I had the opportunity several months ago to spend time at California’s only prison hospice facility at the California Medical Facility (CMF) state prison in Vacaville, just outside of Sacramento. What struck me the most upon entering CMF was how similar the patients seemed to those I worked with daily at a major academic university hospital and how quickly I forgot that I was in a correctional facility at all. Mr. S was tall and thin in his hospital gown and pajama pants with short salt and pepper hair and big, brown, gentle eyes. His metastatic pancreatic cancer was made apparent to others by his profound jaundice. He broke into a radiant smile of perfect teeth as he introduced me to his wife, grandson and two corgis in the photos he had pinned to the white walls in his dorm style room. He was a veteran and addressed me alternately as ma’am and “doc,” telling me about his symptoms and worries just as any other hospice patient would have. His nurse stepped in to change his fentanyl patch and he smiled and thanked her. One of the pastoral care workers, inmates who are selected to provide assistance and companionship to the hospice patients and sit vigil (A whole other really interesting subject) while they are actively dying, poked his head in to say he’d be back with lunch in a little bit. Mr. S had applied for compassionate release with the hope of seeing his grandson and his dogs before he dies, “and my wife, I guess,” he said winking. Since arriving at CMF, his family has never been able to visit him. They live in Southern California and would have to drive over eight hours each way and between gas and a hotel in Vacaville have not been able to afford the trip.

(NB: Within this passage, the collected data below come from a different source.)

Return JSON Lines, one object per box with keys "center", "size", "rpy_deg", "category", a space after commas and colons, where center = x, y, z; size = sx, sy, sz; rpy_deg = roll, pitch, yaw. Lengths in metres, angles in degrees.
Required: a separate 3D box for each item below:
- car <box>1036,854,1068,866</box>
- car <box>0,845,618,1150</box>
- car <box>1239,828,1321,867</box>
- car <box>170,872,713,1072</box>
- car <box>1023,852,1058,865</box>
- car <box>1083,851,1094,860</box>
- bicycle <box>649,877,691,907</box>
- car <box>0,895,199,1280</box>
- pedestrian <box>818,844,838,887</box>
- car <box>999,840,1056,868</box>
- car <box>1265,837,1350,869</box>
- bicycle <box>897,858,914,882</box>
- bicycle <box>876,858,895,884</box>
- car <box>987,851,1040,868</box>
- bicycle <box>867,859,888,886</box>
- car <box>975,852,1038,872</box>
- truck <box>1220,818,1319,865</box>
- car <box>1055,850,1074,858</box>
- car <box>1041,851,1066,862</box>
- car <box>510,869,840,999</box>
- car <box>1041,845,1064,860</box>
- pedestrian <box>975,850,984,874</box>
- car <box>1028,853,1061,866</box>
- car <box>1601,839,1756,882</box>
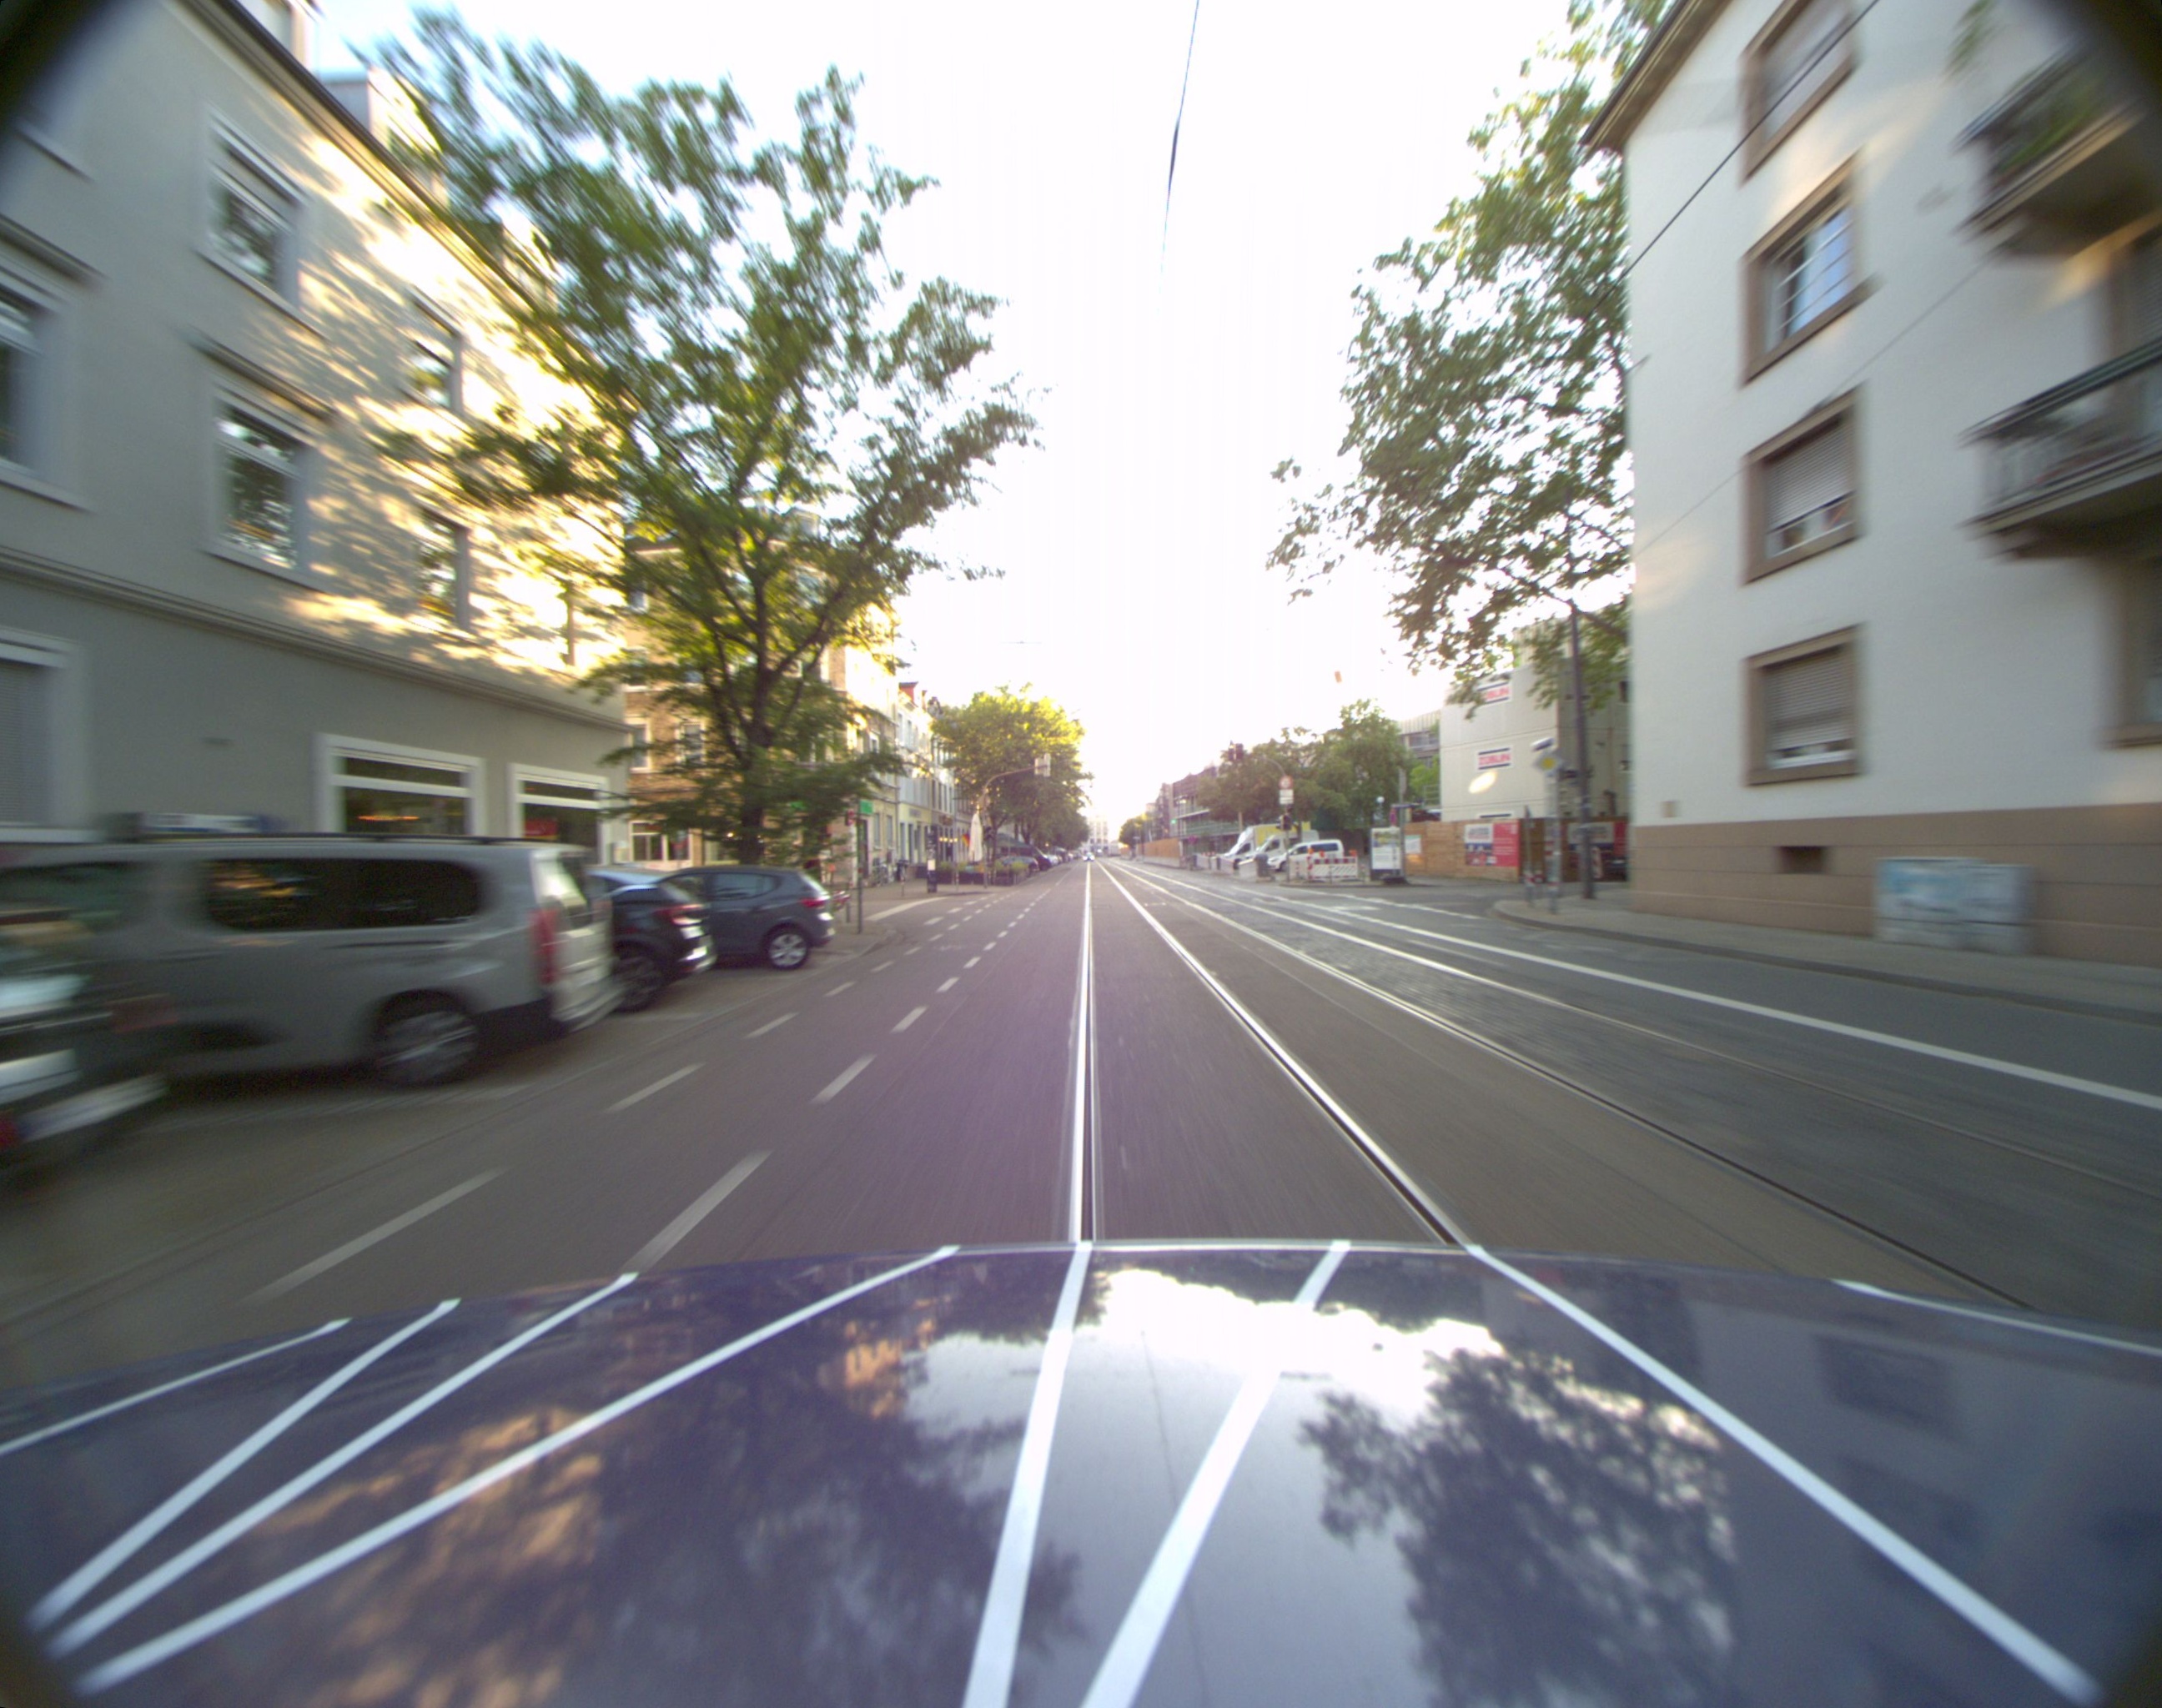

This story is a common one in California and other states. Palliative care and geriatrics services are not widely available in the U.S. prison system. Only ten states currently offer any prison hospice programs, and most have limited capacities. As is the case for Mr. S, many families are not able to travel from hundreds of miles away to visit their loved ones in their last days of life. When hospice is not available, inmates often die in their cells without adequate treatment of their symptoms. This is not only suboptimal care, but also can be traumatic for other inmates who are present for the death and the time leading up to it. This suffering is largely invisible to free society, as prisoners are deliberately sequestered away from the rest of humanity. This, however, does not mean they are any less human or immune to the challenges that all seriously ill people face. Nor should it preclude prisoners from the basic human dignity of spending their last days of life free of pain and suffering as any of us would want for ourselves or our loved ones regardless of previous actions.

Incarceration is a necessary for some and prisoners will inevitably grow old and sick behind bars. However, it is incumbent upon society to continually evaluate whether our current system of imprisonment is ethically and financially justifiable. The end of life is a time when justice demands we place human dignity first through enhanced hospice resources and compassionate release, not additional taxpayer funded suffering.

References:

  1. Williams BA, Goodwin JS, Baillargeon J, Ahalt C, Walter LC. Addressing the aging crisis in U.S. criminal justice healthcare. J Am Geriatr Soc. 2012 60(6)1150-6.
  2. Loeb SJ, Abudagga A. Health-related research on older inmates: An integrative review. Res Nurs Health 2006;29:556-565.
  3. Williams BA, Sudore RL, Greifinger R, Morrison RS. Balancing punishment and compassion for seriously ill prisoners. Ann Intern Med. 2011 19;155(2):122-6.
  4. Pollock, Jocelyn. Prisons Today and Tomorrow, Second Edition. Burlington: Jones and Bartlett Learning, 2005.
  5. California Department of Corrections and Rehabilitation. Inmates Sentenced Under the Three Strikes Law and a Small Number of Inmates Receiving Specialty Health Care Represent Significant Costs (Report 2009-107.2). Sacramento, CA: Bureau of State Audits, California State Auditor, 2010.